Plaque commemorating James Harrington in Upton Church, Northants. Photograph by John Gurney.

Plaque commemorating James Harrington in Upton Church, Northants. Photograph by John Gurney.

As I slowly worked through John’s notes I began to realise that they could act as a bridge in another way too. They provided me with a whole new way of seeing Harrington: one that challenges the conventional republican reading of him and reveals previously hidden aspects of his life and thought for investigation. This new vision of Harrington has also led me to new formats and modes of communication, not least as a reflection of Harrington’s own playful and experimental attitude towards genre and form. This blog is just one facet of my exploration of this new territory.
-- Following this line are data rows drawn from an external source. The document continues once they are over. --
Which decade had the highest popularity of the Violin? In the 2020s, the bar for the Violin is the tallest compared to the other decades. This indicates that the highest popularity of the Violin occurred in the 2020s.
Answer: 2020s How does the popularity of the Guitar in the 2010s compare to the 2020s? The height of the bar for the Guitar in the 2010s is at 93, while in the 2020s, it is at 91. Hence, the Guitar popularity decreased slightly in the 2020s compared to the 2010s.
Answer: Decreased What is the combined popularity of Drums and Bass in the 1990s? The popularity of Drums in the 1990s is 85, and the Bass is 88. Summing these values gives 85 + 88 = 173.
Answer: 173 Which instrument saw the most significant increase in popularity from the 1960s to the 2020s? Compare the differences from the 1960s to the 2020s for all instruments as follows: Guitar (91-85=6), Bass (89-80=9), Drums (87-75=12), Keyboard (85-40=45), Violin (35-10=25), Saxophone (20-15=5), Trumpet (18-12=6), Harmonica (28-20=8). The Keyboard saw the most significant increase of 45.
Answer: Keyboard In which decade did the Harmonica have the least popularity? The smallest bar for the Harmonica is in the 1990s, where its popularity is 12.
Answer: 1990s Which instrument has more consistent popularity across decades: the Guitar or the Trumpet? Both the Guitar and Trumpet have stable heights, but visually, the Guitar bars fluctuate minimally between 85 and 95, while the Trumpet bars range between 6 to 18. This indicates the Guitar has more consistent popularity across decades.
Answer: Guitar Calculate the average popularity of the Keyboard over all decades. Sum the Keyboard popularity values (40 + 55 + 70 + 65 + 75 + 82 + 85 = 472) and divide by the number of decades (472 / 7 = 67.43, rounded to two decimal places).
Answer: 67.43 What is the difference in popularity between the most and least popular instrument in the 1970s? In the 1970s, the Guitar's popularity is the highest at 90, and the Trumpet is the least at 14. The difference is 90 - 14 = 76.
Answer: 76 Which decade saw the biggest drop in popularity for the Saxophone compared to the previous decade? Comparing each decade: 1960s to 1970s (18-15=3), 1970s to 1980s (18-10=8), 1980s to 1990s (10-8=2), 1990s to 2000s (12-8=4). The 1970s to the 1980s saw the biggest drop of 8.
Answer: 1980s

I will use it to present elements of my new interpretation of Harrington (though this will be developed in full in the book on which I am currently working). It will also be a vehicle for reflecting on the range of sources that I’m using in my research: what can be gained from them; and some of the quirky information I’ve found in them. Finally, it will allow me to log this journey that John set up for me, but which I must travel alone.